(Dataset excerpts)
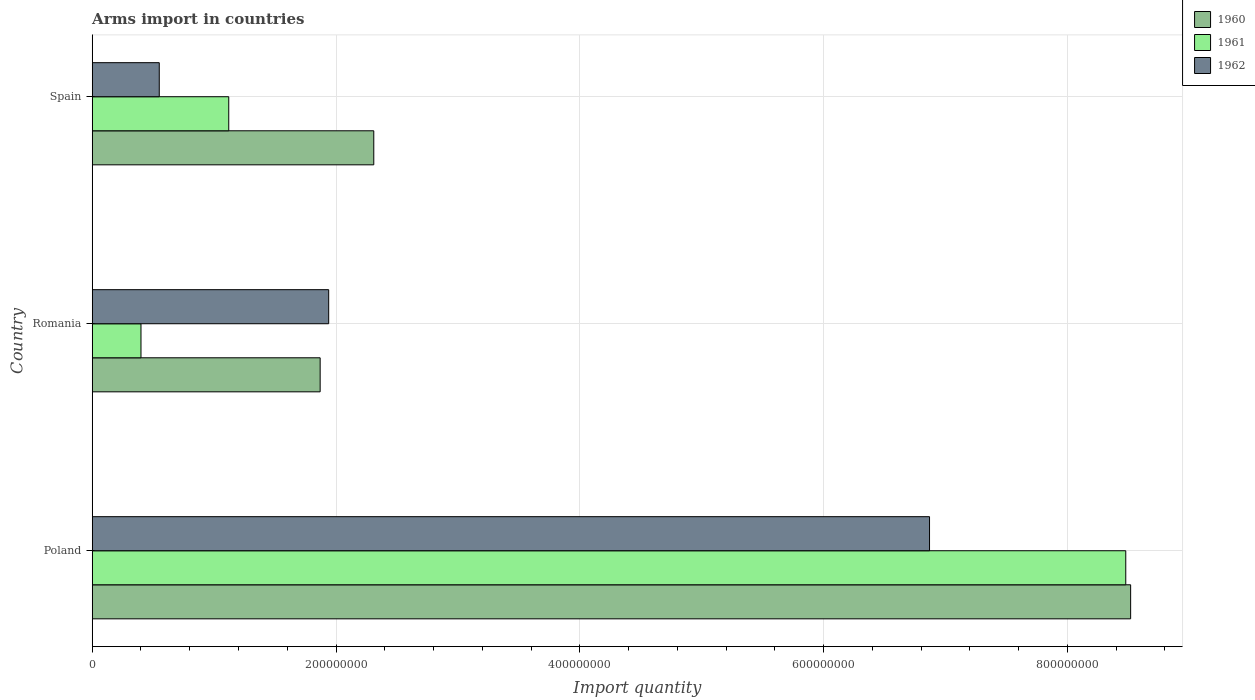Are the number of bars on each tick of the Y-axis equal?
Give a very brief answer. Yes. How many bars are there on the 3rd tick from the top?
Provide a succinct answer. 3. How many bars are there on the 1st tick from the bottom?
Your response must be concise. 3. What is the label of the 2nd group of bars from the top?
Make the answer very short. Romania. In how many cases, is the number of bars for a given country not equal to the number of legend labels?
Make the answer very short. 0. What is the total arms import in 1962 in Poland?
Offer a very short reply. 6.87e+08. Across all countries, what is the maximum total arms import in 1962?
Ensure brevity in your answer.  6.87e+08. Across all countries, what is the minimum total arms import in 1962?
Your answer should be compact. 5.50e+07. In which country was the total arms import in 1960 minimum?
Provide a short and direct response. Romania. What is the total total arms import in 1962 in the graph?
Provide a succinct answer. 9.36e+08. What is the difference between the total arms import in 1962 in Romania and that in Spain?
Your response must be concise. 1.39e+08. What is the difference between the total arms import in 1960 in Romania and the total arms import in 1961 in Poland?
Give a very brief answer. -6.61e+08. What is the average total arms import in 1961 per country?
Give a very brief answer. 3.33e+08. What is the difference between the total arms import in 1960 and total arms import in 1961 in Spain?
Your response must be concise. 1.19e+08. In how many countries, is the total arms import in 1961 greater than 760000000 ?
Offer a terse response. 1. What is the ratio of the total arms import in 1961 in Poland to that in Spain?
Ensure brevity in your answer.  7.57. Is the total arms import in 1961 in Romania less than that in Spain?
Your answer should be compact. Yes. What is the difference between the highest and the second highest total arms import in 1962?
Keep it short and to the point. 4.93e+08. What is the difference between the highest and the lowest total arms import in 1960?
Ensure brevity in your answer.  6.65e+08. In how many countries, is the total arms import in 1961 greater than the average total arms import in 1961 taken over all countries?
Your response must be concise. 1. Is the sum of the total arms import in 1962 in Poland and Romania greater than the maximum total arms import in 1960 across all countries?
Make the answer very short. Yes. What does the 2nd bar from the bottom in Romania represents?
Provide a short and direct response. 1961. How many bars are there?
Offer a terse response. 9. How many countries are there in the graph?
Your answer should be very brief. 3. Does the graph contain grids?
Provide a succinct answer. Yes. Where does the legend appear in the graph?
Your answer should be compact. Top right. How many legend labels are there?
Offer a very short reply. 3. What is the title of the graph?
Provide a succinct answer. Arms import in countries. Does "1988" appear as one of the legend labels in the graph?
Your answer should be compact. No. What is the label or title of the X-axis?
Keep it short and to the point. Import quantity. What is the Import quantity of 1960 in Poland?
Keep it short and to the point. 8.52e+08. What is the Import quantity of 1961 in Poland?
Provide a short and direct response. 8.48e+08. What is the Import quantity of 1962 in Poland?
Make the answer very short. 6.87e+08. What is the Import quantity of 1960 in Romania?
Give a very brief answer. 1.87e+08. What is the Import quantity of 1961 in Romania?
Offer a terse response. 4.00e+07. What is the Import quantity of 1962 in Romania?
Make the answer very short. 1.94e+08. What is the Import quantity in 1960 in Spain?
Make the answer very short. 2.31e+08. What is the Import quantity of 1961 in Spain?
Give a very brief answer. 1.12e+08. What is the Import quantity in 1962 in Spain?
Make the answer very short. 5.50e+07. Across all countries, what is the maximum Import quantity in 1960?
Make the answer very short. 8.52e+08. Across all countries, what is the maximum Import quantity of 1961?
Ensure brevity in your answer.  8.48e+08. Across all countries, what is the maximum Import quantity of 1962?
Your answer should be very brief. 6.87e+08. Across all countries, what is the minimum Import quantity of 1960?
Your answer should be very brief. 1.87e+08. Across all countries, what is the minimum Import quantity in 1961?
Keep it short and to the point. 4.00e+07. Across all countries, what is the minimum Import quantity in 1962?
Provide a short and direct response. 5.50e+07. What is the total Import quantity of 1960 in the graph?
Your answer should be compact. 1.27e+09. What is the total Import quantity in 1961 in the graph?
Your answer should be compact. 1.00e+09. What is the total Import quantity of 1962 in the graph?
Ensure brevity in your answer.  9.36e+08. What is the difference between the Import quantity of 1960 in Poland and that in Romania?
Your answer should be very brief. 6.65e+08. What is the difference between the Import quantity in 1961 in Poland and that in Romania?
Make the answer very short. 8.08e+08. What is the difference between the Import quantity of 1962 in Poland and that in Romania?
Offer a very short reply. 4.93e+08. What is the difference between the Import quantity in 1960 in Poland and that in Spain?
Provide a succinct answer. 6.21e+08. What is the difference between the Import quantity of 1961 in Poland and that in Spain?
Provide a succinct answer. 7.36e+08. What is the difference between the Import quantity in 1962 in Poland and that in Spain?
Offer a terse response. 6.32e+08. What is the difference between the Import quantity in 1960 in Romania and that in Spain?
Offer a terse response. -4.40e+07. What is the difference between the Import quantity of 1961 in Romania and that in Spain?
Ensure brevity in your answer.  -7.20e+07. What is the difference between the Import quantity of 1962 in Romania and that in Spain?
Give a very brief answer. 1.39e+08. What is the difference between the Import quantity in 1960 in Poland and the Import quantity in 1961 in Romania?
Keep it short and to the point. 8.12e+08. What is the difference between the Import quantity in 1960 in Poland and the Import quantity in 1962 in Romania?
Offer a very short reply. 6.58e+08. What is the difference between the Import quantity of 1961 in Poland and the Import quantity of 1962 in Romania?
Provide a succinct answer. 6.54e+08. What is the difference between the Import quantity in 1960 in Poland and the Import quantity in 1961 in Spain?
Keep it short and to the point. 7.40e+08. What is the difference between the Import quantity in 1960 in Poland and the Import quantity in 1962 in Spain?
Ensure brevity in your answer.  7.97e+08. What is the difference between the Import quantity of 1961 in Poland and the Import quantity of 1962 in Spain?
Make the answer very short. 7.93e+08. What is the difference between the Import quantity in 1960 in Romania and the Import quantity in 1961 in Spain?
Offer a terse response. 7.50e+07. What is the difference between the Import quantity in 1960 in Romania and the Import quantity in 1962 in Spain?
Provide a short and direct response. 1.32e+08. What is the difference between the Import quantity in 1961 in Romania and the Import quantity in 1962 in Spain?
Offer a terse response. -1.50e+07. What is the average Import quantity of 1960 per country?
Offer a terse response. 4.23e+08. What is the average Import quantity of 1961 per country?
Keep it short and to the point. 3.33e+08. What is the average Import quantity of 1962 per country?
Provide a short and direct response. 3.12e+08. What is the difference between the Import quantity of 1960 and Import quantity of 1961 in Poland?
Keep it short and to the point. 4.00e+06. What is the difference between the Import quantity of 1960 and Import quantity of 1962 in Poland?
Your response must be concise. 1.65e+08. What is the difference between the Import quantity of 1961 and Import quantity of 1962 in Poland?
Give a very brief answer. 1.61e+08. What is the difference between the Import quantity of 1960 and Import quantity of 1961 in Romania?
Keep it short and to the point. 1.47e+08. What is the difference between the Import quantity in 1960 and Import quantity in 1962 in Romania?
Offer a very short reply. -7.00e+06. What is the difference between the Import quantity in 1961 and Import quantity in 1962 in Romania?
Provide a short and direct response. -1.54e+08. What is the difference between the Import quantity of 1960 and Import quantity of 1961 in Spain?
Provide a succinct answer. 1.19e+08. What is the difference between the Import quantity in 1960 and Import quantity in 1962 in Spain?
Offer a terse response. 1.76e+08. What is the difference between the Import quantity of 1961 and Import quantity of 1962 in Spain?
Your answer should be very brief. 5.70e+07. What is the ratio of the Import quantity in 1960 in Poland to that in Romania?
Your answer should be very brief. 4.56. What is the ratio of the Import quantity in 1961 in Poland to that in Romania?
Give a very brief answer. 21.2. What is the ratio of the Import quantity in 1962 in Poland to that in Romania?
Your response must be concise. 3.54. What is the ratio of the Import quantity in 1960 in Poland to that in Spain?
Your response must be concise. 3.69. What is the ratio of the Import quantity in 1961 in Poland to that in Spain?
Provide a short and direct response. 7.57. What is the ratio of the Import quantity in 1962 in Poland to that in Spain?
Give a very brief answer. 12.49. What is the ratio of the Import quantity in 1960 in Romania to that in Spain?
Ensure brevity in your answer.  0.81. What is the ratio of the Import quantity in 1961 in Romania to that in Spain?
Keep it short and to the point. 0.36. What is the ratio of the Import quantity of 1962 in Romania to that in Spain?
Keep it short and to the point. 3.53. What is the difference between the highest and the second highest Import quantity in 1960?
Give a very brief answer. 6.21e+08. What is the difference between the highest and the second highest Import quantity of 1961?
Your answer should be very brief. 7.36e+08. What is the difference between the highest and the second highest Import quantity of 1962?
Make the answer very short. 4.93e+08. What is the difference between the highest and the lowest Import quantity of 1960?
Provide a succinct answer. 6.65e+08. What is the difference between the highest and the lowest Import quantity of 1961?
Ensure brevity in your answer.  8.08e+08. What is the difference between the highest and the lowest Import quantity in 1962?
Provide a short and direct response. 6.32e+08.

==

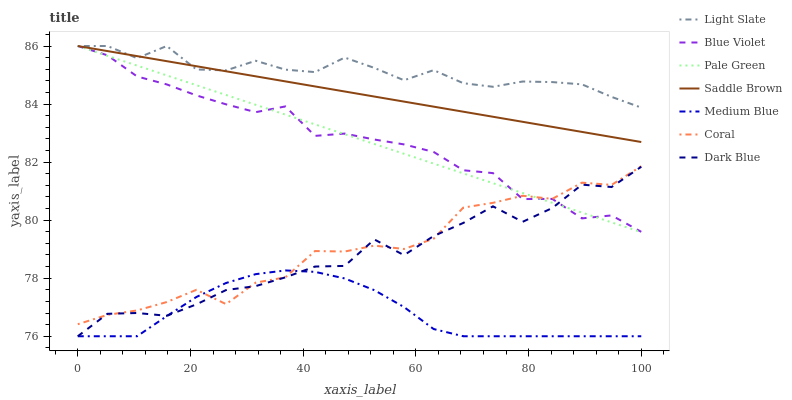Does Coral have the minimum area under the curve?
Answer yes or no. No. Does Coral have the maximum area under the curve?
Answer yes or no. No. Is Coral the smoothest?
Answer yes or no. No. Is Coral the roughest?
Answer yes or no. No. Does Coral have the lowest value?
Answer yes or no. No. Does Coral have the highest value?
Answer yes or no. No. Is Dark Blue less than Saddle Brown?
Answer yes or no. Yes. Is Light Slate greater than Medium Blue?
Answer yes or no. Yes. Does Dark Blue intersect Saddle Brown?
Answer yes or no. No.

* [WORK INSTRUCTION] Output, from the data above, the lines from the line with "Make the answer very short. 5.50e+07." to the line with "maximum Import quantity of 1962?" exactly as they stand, both ends included and nothing else.

* [OUTPUT FOR THIS EXERCISE]
Make the answer very short. 5.50e+07. Across all countries, what is the maximum Import quantity in 1960?
Make the answer very short. 8.52e+08. Across all countries, what is the maximum Import quantity of 1961?
Ensure brevity in your answer.  8.48e+08. Across all countries, what is the maximum Import quantity of 1962?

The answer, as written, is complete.